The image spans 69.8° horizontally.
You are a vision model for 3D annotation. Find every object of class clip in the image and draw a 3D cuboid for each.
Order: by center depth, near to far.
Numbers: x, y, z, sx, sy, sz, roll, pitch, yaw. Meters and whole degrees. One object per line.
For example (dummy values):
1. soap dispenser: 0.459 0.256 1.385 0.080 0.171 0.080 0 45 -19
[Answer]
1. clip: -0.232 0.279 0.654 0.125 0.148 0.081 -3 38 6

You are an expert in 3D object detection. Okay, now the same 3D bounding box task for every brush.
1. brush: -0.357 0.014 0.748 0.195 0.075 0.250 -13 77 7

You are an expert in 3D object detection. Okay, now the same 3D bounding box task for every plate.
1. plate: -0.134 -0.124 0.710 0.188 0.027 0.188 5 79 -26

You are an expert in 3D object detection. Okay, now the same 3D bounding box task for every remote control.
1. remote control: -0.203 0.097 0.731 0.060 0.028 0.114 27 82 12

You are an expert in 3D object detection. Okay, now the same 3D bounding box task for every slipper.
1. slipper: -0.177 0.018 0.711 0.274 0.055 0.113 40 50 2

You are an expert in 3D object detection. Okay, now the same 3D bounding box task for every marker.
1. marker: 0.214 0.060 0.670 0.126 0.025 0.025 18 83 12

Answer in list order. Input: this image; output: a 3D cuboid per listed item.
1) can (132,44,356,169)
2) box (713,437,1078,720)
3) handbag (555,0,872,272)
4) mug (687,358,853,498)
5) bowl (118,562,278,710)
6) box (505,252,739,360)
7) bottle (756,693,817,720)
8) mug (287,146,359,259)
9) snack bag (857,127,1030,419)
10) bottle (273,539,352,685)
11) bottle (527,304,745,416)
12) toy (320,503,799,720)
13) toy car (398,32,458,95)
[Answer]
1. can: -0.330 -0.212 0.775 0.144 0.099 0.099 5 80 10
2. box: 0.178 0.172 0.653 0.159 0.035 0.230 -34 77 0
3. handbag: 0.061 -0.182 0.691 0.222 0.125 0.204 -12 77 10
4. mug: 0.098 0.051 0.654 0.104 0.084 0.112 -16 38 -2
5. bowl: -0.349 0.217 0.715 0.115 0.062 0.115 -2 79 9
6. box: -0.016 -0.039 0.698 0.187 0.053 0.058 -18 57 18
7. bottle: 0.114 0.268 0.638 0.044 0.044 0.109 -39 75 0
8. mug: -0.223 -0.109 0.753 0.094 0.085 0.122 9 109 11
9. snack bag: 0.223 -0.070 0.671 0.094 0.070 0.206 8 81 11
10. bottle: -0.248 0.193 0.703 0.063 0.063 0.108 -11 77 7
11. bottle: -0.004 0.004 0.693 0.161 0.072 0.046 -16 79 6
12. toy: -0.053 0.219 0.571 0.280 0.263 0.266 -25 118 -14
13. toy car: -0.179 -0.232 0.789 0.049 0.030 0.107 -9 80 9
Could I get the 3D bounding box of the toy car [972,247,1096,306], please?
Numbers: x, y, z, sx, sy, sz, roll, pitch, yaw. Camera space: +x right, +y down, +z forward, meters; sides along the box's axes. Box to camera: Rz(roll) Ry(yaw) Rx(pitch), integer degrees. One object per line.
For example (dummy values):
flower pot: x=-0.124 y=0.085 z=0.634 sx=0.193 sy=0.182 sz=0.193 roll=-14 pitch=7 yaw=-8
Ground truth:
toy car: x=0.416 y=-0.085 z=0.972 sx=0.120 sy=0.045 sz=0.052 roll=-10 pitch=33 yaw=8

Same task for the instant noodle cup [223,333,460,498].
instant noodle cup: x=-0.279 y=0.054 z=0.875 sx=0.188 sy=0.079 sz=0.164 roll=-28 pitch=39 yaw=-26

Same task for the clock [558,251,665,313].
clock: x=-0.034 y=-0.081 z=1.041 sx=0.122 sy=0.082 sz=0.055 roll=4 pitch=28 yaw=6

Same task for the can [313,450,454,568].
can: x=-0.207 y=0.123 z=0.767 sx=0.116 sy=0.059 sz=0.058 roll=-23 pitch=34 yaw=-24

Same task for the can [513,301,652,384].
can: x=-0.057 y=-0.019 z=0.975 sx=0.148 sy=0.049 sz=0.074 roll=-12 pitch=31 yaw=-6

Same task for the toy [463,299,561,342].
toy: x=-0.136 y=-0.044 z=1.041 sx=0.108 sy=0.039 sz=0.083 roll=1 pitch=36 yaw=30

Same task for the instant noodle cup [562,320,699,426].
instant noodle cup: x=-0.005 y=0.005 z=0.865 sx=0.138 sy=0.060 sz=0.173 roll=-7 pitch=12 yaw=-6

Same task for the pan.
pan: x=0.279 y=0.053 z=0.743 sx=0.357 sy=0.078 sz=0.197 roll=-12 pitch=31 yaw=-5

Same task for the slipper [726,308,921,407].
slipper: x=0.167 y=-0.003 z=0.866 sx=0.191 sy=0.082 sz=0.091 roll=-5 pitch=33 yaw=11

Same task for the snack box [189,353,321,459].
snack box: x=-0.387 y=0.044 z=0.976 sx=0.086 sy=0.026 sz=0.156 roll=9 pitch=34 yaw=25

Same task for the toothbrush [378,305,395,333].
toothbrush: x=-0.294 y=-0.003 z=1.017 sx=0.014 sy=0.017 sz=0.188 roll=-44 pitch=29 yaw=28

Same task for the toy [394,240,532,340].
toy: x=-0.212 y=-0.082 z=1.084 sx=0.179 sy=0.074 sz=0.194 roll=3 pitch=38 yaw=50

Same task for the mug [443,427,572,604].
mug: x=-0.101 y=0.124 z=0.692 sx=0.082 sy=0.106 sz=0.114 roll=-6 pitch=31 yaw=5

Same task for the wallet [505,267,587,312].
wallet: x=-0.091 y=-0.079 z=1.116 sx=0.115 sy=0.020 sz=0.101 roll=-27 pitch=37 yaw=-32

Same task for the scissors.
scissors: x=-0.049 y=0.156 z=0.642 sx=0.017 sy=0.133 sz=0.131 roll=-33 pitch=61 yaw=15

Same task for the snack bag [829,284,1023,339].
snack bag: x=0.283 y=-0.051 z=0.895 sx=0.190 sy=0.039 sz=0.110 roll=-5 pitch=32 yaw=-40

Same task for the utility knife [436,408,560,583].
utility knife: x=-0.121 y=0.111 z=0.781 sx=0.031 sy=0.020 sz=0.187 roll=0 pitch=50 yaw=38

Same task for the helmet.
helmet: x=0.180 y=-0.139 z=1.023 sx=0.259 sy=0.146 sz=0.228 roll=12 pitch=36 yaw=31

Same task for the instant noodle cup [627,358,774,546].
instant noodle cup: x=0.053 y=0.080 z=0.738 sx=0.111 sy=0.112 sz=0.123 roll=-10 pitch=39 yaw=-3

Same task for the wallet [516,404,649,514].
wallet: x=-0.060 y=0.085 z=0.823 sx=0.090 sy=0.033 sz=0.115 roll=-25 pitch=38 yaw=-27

───

**Task item**. Take the first line of the material above as the start and the line that contains "13) toy car (398,32,458,95)" as the end. Output only that span, every line exactly as it stands.

**Reply to the task**.
The image spans 69.8° horizontally.
You are a vision model for 3D annotation. Find every object of class clip in the image and draw a 3D cuboid for each.
Order: by center depth, near to far.
Numbers: x, y, z, sx, sy, sz, roll, pitch, yaw. Meters and whole degrees. One object per line.
For example (dummy values):
1. soap dispenser: 0.459 0.256 1.385 0.080 0.171 0.080 0 45 -19
[Answer]
1. clip: -0.232 0.279 0.654 0.125 0.148 0.081 -3 38 6

You are an expert in 3D object detection. Okay, now the same 3D bounding box task for every brush.
1. brush: -0.357 0.014 0.748 0.195 0.075 0.250 -13 77 7

You are an expert in 3D object detection. Okay, now the same 3D bounding box task for every plate.
1. plate: -0.134 -0.124 0.710 0.188 0.027 0.188 5 79 -26

You are an expert in 3D object detection. Okay, now the same 3D bounding box task for every remote control.
1. remote control: -0.203 0.097 0.731 0.060 0.028 0.114 27 82 12

You are an expert in 3D object detection. Okay, now the same 3D bounding box task for every slipper.
1. slipper: -0.177 0.018 0.711 0.274 0.055 0.113 40 50 2

You are an expert in 3D object detection. Okay, now the same 3D bounding box task for every marker.
1. marker: 0.214 0.060 0.670 0.126 0.025 0.025 18 83 12

Answer in list order. Input: this image; output: a 3D cuboid per listed item.
1) can (132,44,356,169)
2) box (713,437,1078,720)
3) handbag (555,0,872,272)
4) mug (687,358,853,498)
5) bowl (118,562,278,710)
6) box (505,252,739,360)
7) bottle (756,693,817,720)
8) mug (287,146,359,259)
9) snack bag (857,127,1030,419)
10) bottle (273,539,352,685)
11) bottle (527,304,745,416)
12) toy (320,503,799,720)
13) toy car (398,32,458,95)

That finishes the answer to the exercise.